**WORK INSTRUCTION**. Look through the records that follow and state how many lines hold the word "dimtype", without adding anything.

(RAW DATA)

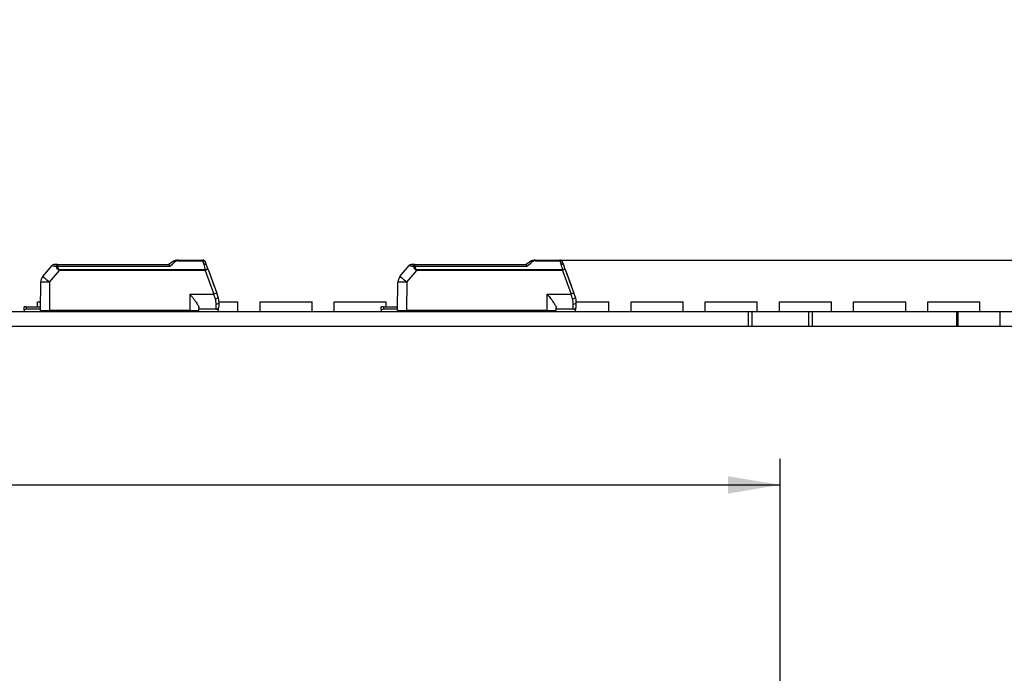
# Model space of a CAD drawing. Header units: millimetres. Extents: x 7 to 819, y 15 to 587.
# Tile 27 of 29: x 632 to 699, y 452 to 496. Entities that reach past the tile are written whole.
import ezdxf
from ezdxf.enums import TextEntityAlignment as Align

# ---------------------------------------------------------------- set-up
doc = ezdxf.new("R2010")
doc.units = ezdxf.units.MM
doc.layers.add('Default', color=7, linetype='Continuous')
doc.layers.add('LINLED_560X24MM_', color=7, linetype='Continuous')
doc.styles.add('SEACAD_Arial', font='arial.ttf')
doc.dimstyles.new('ISO', dxfattribs={"dimtxt": 3.5, "dimasz": 3.5, "dimexe": 1.75, "dimexo": 0, "dimgap": 0.875, "dimtad": 1, "dimtxsty": 'SEACAD_Arial', "dimblk1": '_SE_FILLED', "dimblk2": '_SE_FILLED', "dimsah": 1, "dimcen": 1.75, "dimadec": 0, "dimazin": 0, "dimtfac": 0.5, "dimtdec": 3, "dimtmove": 0, "dimatfit": 3, "dimfxl": 1, "dimarcsym": 0})

# ---------------------------------------------------------------- blocks, each defined once
blk = doc.blocks.new('SE2')
at = {"layer": 'LINLED_560X24MM_', "color": 7, "linetype": 'Continuous'}
for p, q in [((642.708, 479.778), (642.425, 479.584)), ((643.048, 479.884), (644.688, 479.884)), ((643.048, 479.884), (643.048, 479.84)), ((643.048, 479.84), (644.688, 479.84)), ((644.688, 479.84), (644.688, 479.884)), ((644.95, 479.55), (644.876, 479.752)), ((666.708, 479.778), (666.425, 479.584)), ((667.048, 479.884), (668.688, 479.884)), ((667.048, 479.884), (667.048, 479.84)), ((667.048, 479.84), (668.688, 479.84)), ((668.688, 479.84), (668.688, 479.884)), ((668.95, 479.55), (668.876, 479.752)), ((633.949, 478.771), (634.571, 479.513)), ((634.408, 478.39), (635.08, 479.191)), ((634.724, 479.584), (634.952, 479.584)), ((634.949, 479.584), (634.729, 479.584)), ((634.952, 479.584), (642.427, 479.584)), ((634.952, 479.473), (634.952, 479.584)), ((634.952, 479.473), (642.486, 479.473)), ((644.868, 479.234), (635.08, 479.234)), ((635.08, 479.234), (635.08, 479.191)), ((644.868, 479.191), (635.08, 479.191)), ((644.868, 479.191), (644.868, 479.234)), ((644.868, 479.191), (645.45, 477.593)), ((645.056, 479.257), (644.95, 479.55)), ((645.056, 479.257), (645.638, 477.659)), ((645.118, 479.086), (645.447, 478.184)), ((657.949, 478.771), (658.571, 479.513)), ((658.408, 478.39), (659.08, 479.191)), ((658.724, 479.584), (658.952, 479.584)), ((658.949, 479.584), (658.729, 479.584)), ((658.952, 479.584), (666.427, 479.584)), ((658.952, 479.473), (658.952, 479.584)), ((658.952, 479.473), (666.486, 479.473)), ((668.868, 479.234), (659.08, 479.234)), ((659.08, 479.234), (659.08, 479.191)), ((668.868, 479.191), (659.08, 479.191)), ((668.868, 479.191), (668.868, 479.234)), ((668.868, 479.191), (669.45, 477.593)), ((669.056, 479.257), (668.95, 479.55)), ((669.056, 479.257), (669.638, 477.659)), ((669.118, 479.086), (669.447, 478.184)), ((633.792, 476.484), (633.809, 478.391)), ((634.406, 478.391), (634.396, 476.484)), ((657.792, 476.484), (657.809, 478.391)), ((658.406, 478.391), (658.396, 476.484)), ((645.732, 477.401), (645.638, 477.659)), ((669.732, 477.401), (669.638, 477.659)), ((633.59, 477.084), (633.797, 477.084)), ((633.59, 476.734), (633.59, 477.084)), ((643.842, 476.484), (643.842, 477.592)), ((643.843, 477.593), (645.45, 477.593)), ((645.544, 477.27), (645.564, 477.277)), ((645.792, 477.059), (645.785, 477.061)), ((645.791, 477.084), (647.06, 477.084)), ((645.792, 476.784), (645.792, 477.059)), ((647.06, 476.434), (647.06, 477.084)), ((648.545, 477.084), (652.045, 477.084)), ((648.545, 476.434), (648.545, 477.084)), ((652.045, 476.434), (652.045, 477.084)), ((653.53, 477.084), (657.03, 477.084)), ((653.53, 476.434), (653.53, 477.084)), ((657.03, 476.734), (657.03, 477.084)), ((667.842, 476.484), (667.842, 477.592)), ((667.843, 477.593), (669.45, 477.593)), ((669.544, 477.27), (669.564, 477.277)), ((669.792, 477.059), (669.785, 477.061)), ((669.791, 477.084), (671.985, 477.084)), ((669.792, 476.784), (669.792, 477.059)), ((671.985, 476.434), (671.985, 477.084)), ((673.47, 477.084), (676.97, 477.084)), ((673.47, 476.434), (673.47, 477.084)), ((676.97, 476.434), (676.97, 477.084)), ((678.455, 477.084), (681.955, 477.084)), ((678.455, 476.434), (678.455, 477.084)), ((681.955, 476.434), (681.955, 477.084)), ((683.44, 477.084), (686.94, 477.084)), ((683.44, 476.434), (683.44, 477.084)), ((686.94, 476.434), (686.94, 477.084)), ((688.425, 477.084), (691.925, 477.084)), ((688.425, 476.434), (688.425, 477.084)), ((691.925, 476.434), (691.925, 477.084)), ((693.41, 477.084), (696.91, 477.084)), ((693.41, 476.434), (693.41, 477.084)), ((696.91, 476.434), (696.91, 477.084)), ((560.642, 476.434), (681.342, 476.434)), ((632.842, 476.734), (632.692, 476.734)), ((632.692, 476.534), (632.692, 476.734)), ((632.692, 476.534), (632.692, 476.434)), ((632.842, 476.734), (633.794, 476.734)), ((632.842, 476.734), (632.842, 476.584)), ((633.793, 476.584), (632.842, 476.584)), ((633.792, 476.484), (634.396, 476.484)), ((643.842, 476.484), (634.396, 476.484)), ((637.09, 476.434), (637.09, 476.484)), ((638.575, 476.434), (638.575, 476.484)), ((642.075, 476.434), (642.075, 476.484)), ((642.489, 476.484), (642.484, 476.471)), ((643.313, 476.434), (643.313, 476.484)), ((643.442, 476.484), (643.392, 476.434)), ((643.842, 476.484), (644.442, 476.484)), ((644.042, 476.484), (644.042, 476.434)), ((644.442, 476.484), (644.442, 476.671)), ((645.592, 476.584), (644.442, 476.584)), ((645.592, 476.584), (644.442, 476.584)), ((645.592, 476.584), (645.592, 476.928)), ((645.742, 476.652), (645.742, 476.534)), ((645.742, 476.434), (645.742, 476.534)), ((656.842, 476.734), (656.692, 476.734)), ((656.692, 476.534), (656.692, 476.734)), ((656.692, 476.534), (656.692, 476.434)), ((656.842, 476.734), (657.794, 476.734)), ((656.842, 476.734), (656.842, 476.584)), ((657.793, 476.584), (656.842, 476.584)), ((657.792, 476.484), (658.396, 476.484)), ((667.842, 476.484), (658.396, 476.484)), ((662.015, 476.434), (662.015, 476.484)), ((663.5, 476.434), (663.5, 476.484)), ((666.489, 476.484), (666.484, 476.471)), ((667.313, 476.434), (667.313, 476.484)), ((667.442, 476.484), (667.392, 476.434)), ((667.842, 476.484), (668.442, 476.484)), ((668.042, 476.484), (668.042, 476.434)), ((668.442, 476.484), (668.442, 476.671)), ((669.592, 476.584), (668.442, 476.584)), ((669.592, 476.584), (668.442, 476.584)), ((669.592, 476.584), (669.592, 476.928)), ((669.742, 476.652), (669.742, 476.534)), ((669.742, 476.434), (669.742, 476.534)), ((681.342, 476.434), (681.342, 475.434)), ((681.342, 476.434), (681.592, 476.434)), ((681.592, 476.434), (681.592, 475.434)), ((681.592, 476.434), (685.392, 476.434)), ((685.392, 476.434), (685.392, 475.434)), ((685.392, 476.434), (685.642, 476.434)), ((685.642, 476.434), (685.642, 475.434)), ((685.642, 476.434), (695.346, 476.434)), ((695.346, 476.434), (695.346, 475.434)), ((695.346, 476.434), (695.419, 476.434)), ((695.419, 476.434), (695.419, 475.434)), ((695.419, 476.434), (698.242, 476.434)), ((698.242, 476.434), (698.242, 475.434)), ((560.642, 475.434), (681.342, 475.434)), ((681.342, 475.434), (681.592, 475.434)), ((681.592, 475.434), (685.392, 475.434)), ((685.392, 475.434), (685.642, 475.434)), ((685.642, 475.434), (695.346, 475.434)), ((695.346, 475.434), (695.419, 475.434)), ((695.419, 475.434), (698.242, 475.434))]:
    blk.add_line(p, q, dxfattribs=at)
for centre, radius, start, end in [((620.252, 506.389), 34.912, 309.55782, 310.27562), ((643.048, 479.284), 0.6, 90, 124.50738), ((643.015, 479.355), 0.522, 108.33183, 124.88888), ((643.054, 479.482), 0.357, 90.95719, 130.61425), ((644.688, 479.684), 0.2, 20.00059, 89.99992), ((747.685, 510.418), 107.44, 196.53576, 196.67329), ((644.252, 506.389), 34.912, 309.55782, 310.27562), ((667.048, 479.284), 0.6, 90, 124.50738), ((667.015, 479.355), 0.522, 108.33183, 124.88888), ((667.054, 479.482), 0.357, 90.95719, 130.61425), ((668.688, 479.684), 0.2, 20.00059, 89.99992), ((771.685, 510.418), 107.44, 196.53576, 196.67329), ((634.724, 479.384), 0.2, 96.3981, 139.99985), ((636.073, 486.725), 7.367, 258.23921, 260.5742), ((634.729, 479.389), 0.195, 97.44812, 140.94435), ((634.724, 479.384), 0.2, 90.00006, 93.75071), ((634.986, 479.043), 0.432, 94.4698, 106.05728), ((746.151, 509.563), 105.726, 196.4674, 196.66988), ((658.724, 479.384), 0.2, 96.3981, 139.99985), ((660.073, 486.725), 7.367, 258.23921, 260.5742), ((658.729, 479.389), 0.195, 97.44812, 140.94435), ((658.724, 479.384), 0.2, 90.00006, 93.75071), ((658.986, 479.043), 0.432, 94.4698, 106.05728), ((770.151, 509.563), 105.726, 196.4674, 196.66988), ((634.409, 478.385), 0.6, 140, 179.5), ((658.409, 478.385), 0.6, 140, 179.5), ((647.534, 472.011), 5.958, 108.5546, 110.47358), ((671.534, 472.011), 5.958, 108.5546, 110.47358), ((564.277, 453.747), 84.603, 16.14336, 16.37117), ((644.362, 476.929), 1.23, 359.95935, 16.09879), ((644.792, 477.059), 1, 0.00462, 19.99402), ((588.277, 453.747), 84.603, 16.14336, 16.37117), ((668.362, 476.929), 1.23, 359.95935, 16.09879), ((668.792, 477.059), 1, 0.00462, 19.99402), ((632.842, 476.334), 0.25, 90, 126.8699), ((634.742, 477.034), 0.6, 270, 293.55646), ((642.692, 477.034), 0.6, 246.44354, 249.70355), ((642.692, 477.034), 0.6, 249.70365, 270), ((645.592, 476.784), 0.2, 270, 0), ((645.592, 476.334), 0.25, 53.1301, 90), ((656.842, 476.334), 0.25, 90, 126.8699), ((658.742, 477.034), 0.6, 270, 293.55646), ((666.692, 477.034), 0.6, 246.44354, 249.70355), ((666.692, 477.034), 0.6, 249.70365, 270), ((669.592, 476.784), 0.2, 270, 0), ((669.592, 476.334), 0.25, 53.1301, 90)]:
    blk.add_arc(centre, radius, start, end, dxfattribs=at)
for centre, major_axis, ratio, start_param, end_param in [((644.868, 479.189), (0.188, 0.068), 0.0082, 0, 1.567895), ((668.868, 479.189), (0.188, 0.068), 0.0082, 0, 1.567895), ((634.409, 478.385), (0.6, -0.005), 0.008726, 1.573617, 3.141593), ((634.409, 478.385), (-0.46, 0.386), 0.006685, 4.720219, 6.283185), ((658.409, 478.385), (0.6, -0.005), 0.008726, 1.573617, 3.141593), ((658.409, 478.385), (-0.46, 0.386), 0.006685, 4.720219, 6.283185), ((645.592, 477.059), (0.2, 0), 0.65625, 4.712389, 6.283031), ((669.592, 477.059), (0.2, 0), 0.65625, 4.712389, 6.283031)]:
    blk.add_ellipse(centre, major_axis=major_axis, ratio=ratio, start_param=start_param, end_param=end_param, dxfattribs=at)
for points, weights in [([(642.821, 479.754), (642.775, 479.788), (642.734, 479.796), (642.708, 479.778)], [1.03323215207, 0.973772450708, 0.994102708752, 1.0942229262]), ([(666.821, 479.754), (666.775, 479.788), (666.734, 479.796), (666.708, 479.778)], [1.03323215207, 0.973772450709, 0.994102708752, 1.0942229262])]:
    blk.add_rational_spline(points, weights, degree=3, dxfattribs=at)
for points, knots in [([(644.688, 479.84), (644.73, 479.846), (644.772, 479.84), (644.84, 479.809), (644.865, 479.783), (644.876, 479.752)], [0, 0, 0, 0, 0.5, 0.5, 1, 1, 1, 1]), ([(668.688, 479.84), (668.73, 479.846), (668.772, 479.84), (668.84, 479.809), (668.865, 479.783), (668.876, 479.752)], [0, 0, 0, 0, 0.5, 0.5, 1, 1, 1, 1]), ([(634.946, 479.584), (634.93, 479.581), (634.914, 479.569), (634.885, 479.527), (634.873, 479.494), (634.866, 479.457)], [0.0524709, 0.0524709, 0.0524709, 0.0524709, 0.5, 0.5, 1, 1, 1, 1]), ([(635.08, 479.191), (635.052, 479.201), (634.998, 479.223), (634.91, 479.313), (634.884, 479.398), (634.866, 479.457)], [0, 0, 0, 0, 0.235372, 0.457314, 1, 1, 1, 1]), ([(634.952, 479.473), (634.954, 479.448), (634.958, 479.402), (634.974, 479.338), (634.999, 479.288), (635.034, 479.25), (635.065, 479.24), (635.08, 479.234)], [0, 0, 0, 0, 0.272042, 0.497908, 0.684926, 0.845835, 1, 1, 1, 1]), ([(642.486, 479.473), (642.481, 479.486), (642.472, 479.511), (642.459, 479.54), (642.448, 479.561), (642.439, 479.575), (642.432, 479.583), (642.428, 479.584), (642.427, 479.584)], [0, 0, 0, 0, 0.20474, 0.394141, 0.568268, 0.727202, 0.87106, 1, 1, 1, 1]), ([(645.056, 479.257), (645.053, 479.266), (645.032, 479.267), (644.963, 479.258), (644.916, 479.248), (644.868, 479.234)], [0, 0, 0, 0, 0.5, 0.5, 1, 1, 1, 1]), ([(658.946, 479.584), (658.93, 479.581), (658.914, 479.569), (658.885, 479.527), (658.873, 479.494), (658.866, 479.457)], [0.0524709, 0.0524709, 0.0524709, 0.0524709, 0.5, 0.5, 1, 1, 1, 1]), ([(659.08, 479.191), (659.052, 479.201), (658.998, 479.223), (658.91, 479.313), (658.884, 479.398), (658.866, 479.457)], [0, 0, 0, 0, 0.235372, 0.457314, 1, 1, 1, 1]), ([(658.952, 479.473), (658.954, 479.448), (658.958, 479.402), (658.974, 479.338), (658.999, 479.288), (659.034, 479.25), (659.065, 479.24), (659.08, 479.234)], [0, 0, 0, 0, 0.272042, 0.497908, 0.684926, 0.845835, 1, 1, 1, 1]), ([(666.486, 479.473), (666.481, 479.486), (666.472, 479.511), (666.459, 479.54), (666.448, 479.561), (666.439, 479.575), (666.432, 479.583), (666.428, 479.584), (666.427, 479.584)], [0, 0, 0, 0, 0.20474, 0.394141, 0.568268, 0.727202, 0.87106, 1, 1, 1, 1]), ([(669.056, 479.257), (669.053, 479.266), (669.032, 479.267), (668.963, 479.258), (668.916, 479.248), (668.868, 479.234)], [0, 0, 0, 0, 0.5, 0.5, 1, 1, 1, 1]), ([(643.843, 477.592), (643.844, 477.59), (643.845, 477.589), (643.846, 477.588), (643.926, 477.485), (644.006, 477.381), (644.082, 477.28), (644.161, 477.175), (644.237, 477.071), (644.299, 476.976), (644.344, 476.908), (644.383, 476.843), (644.409, 476.787), (644.429, 476.742), (644.442, 476.702), (644.442, 476.671)], [0, 0, 0, 0, 0.003654, 0.003654, 0.003654, 0.299054, 0.299054, 0.299054, 0.607023, 0.607023, 0.607023, 0.826101, 0.826101, 0.826101, 1, 1, 1, 1]), ([(645.564, 477.277), (645.613, 477.295), (645.66, 477.319), (645.722, 477.364), (645.737, 477.386), (645.732, 477.401)], [0, 0, 0, 0, 0.5, 0.5, 1, 1, 1, 1]), ([(667.843, 477.592), (667.844, 477.59), (667.845, 477.589), (667.846, 477.588), (667.926, 477.485), (668.006, 477.381), (668.082, 477.28), (668.161, 477.175), (668.237, 477.071), (668.299, 476.976), (668.344, 476.908), (668.383, 476.843), (668.409, 476.787), (668.429, 476.742), (668.442, 476.702), (668.442, 476.671)], [0, 0, 0, 0, 0.003654, 0.003654, 0.003654, 0.299054, 0.299054, 0.299054, 0.607023, 0.607023, 0.607023, 0.826101, 0.826101, 0.826101, 1, 1, 1, 1]), ([(669.564, 477.277), (669.613, 477.295), (669.66, 477.319), (669.722, 477.364), (669.737, 477.386), (669.732, 477.401)], [0, 0, 0, 0, 0.5, 0.5, 1, 1, 1, 1])]:
    blk.add_open_spline(points, degree=3, knots=knots, dxfattribs=at)
for points in [[(644.95, 479.55), (644.934, 479.591), (644.843, 479.61), (644.762, 479.592)], [(668.95, 479.55), (668.934, 479.591), (668.843, 479.61), (668.762, 479.592)], [(634.712, 479.584), (634.704, 479.583), (634.701, 479.582), (634.701, 479.581)], [(658.712, 479.584), (658.704, 479.583), (658.701, 479.582), (658.701, 479.581)]]:
    blk.add_open_spline(points, degree=3, dxfattribs=at)
blk = doc.blocks.new('DMBLK106')
at = {"layer": 'Default', "linetype": 'Continuous'}
for points in [[(709.165, 479.934), (707.998, 479.934), (708.582, 476.434)], [(709.165, 471.934), (708.582, 475.434), (707.998, 471.934)]]:
    blk.add_hatch(color=7, dxfattribs=at).paths.add_polyline_path(points)
at = {"layer": 'Default', "color": 7, "linetype": 'Continuous'}
for p, q in [((708.582, 464.467), (708.582, 483.434)), ((698.242, 476.434), (710.332, 476.434)), ((698.242, 475.434), (710.332, 475.434))]:
    blk.add_line(p, q, dxfattribs=at)
at = {"layer": 'Default', "color": 7, "linetype": 'Continuous', "style": 'SEACAD_Arial'}
blk.add_text('1', height=3.5, rotation=90, dxfattribs=at).set_placement((704.207, 465.692), align=Align.TOP_LEFT)
blk = doc.blocks.new('_SE_FILLED')
at = {"color": 0}
blk.add_line((0, 0), (-1, 0), dxfattribs=at)
blk.add_solid([(0, 0), (-1, -0.1665), (-1, 0.1665), (0, 0)], dxfattribs=at)
blk = doc.blocks.new('DMBLK107')
at = {"layer": 'Default', "linetype": 'Continuous'}
for points in [[(716.956, 483.384), (715.789, 483.384), (716.373, 479.884)], [(716.956, 471.934), (716.373, 475.434), (715.789, 471.934)]]:
    blk.add_hatch(color=7, dxfattribs=at).paths.add_polyline_path(points)
at = {"layer": 'Default', "color": 7, "linetype": 'Continuous'}
for p, q in [((716.373, 468.434), (716.373, 496.031)), ((668.688, 479.884), (718.123, 479.884)), ((698.242, 475.434), (718.123, 475.434))]:
    blk.add_line(p, q, dxfattribs=at)
at = {"layer": 'Default', "color": 7, "linetype": 'Continuous', "style": 'SEACAD_Arial'}
blk.add_text('4,45', height=3.5, rotation=90, dxfattribs=at).set_placement((711.998, 485.219), align=Align.TOP_LEFT)
blk = doc.blocks.new('DMBLK116')
at = {"layer": 'Default', "linetype": 'Continuous'}
for points in [[(561.992, 465.358), (558.492, 464.775), (561.992, 464.191)], [(679.992, 465.358), (679.992, 464.191), (683.492, 464.775)]]:
    blk.add_hatch(color=7, dxfattribs=at).paths.add_polyline_path(points)
at = {"layer": 'Default', "color": 7, "linetype": 'Continuous'}
for p, q in [((558.492, 451.125), (558.492, 466.525)), ((683.492, 451.125), (683.492, 466.525)), ((558.492, 464.775), (683.492, 464.775))]:
    blk.add_line(p, q, dxfattribs=at)
at = {"layer": 'Default', "color": 7, "linetype": 'Continuous', "style": 'SEACAD_Arial'}
blk.add_text('125', height=3.5, dxfattribs=at).set_placement((616.883, 469.15), align=Align.TOP_LEFT)

msp = doc.modelspace()

# ---------------------------------------------------------------- block references
at = {"layer": 'Default'}
msp.add_blockref('SE2', (0, 0), dxfattribs=at)

# ---------------------------------------------------------------- dimensions: what is measured, and where the dimension line sits
at = {"layer": 'Default', "color": 7, "linetype": 'Continuous'}
for base, p1, p2, angle, picture, middle, dimtype in [((716.3728, 479.884), (698.242, 475.434), (668.6879, 479.884), 90, 'DMBLK107', (716.3728, 483.9944), 160), ((708.5817, 475.434), (698.242, 475.434), (698.242, 476.434), 90, 'DMBLK106', (708.5817, 469.656), 161), ((558.492, 464.7745), (558.492, 444.1252), (683.492, 444.1252), 0, 'DMBLK116', (620.992, 464.7745), 161)]:
    dim = msp.add_linear_dim(base=base, p1=p1, p2=p2, angle=angle, text='\\A1;<>', dimstyle='ISO', dxfattribs=at)
    dim.commit()
    dim.dimension.update_dxf_attribs({"geometry": picture, "text_midpoint": middle, "dimtype": dimtype})

doc.saveas('drawing.dxf')

(End RAW DATA)

**OUTPUT BELOW**. 2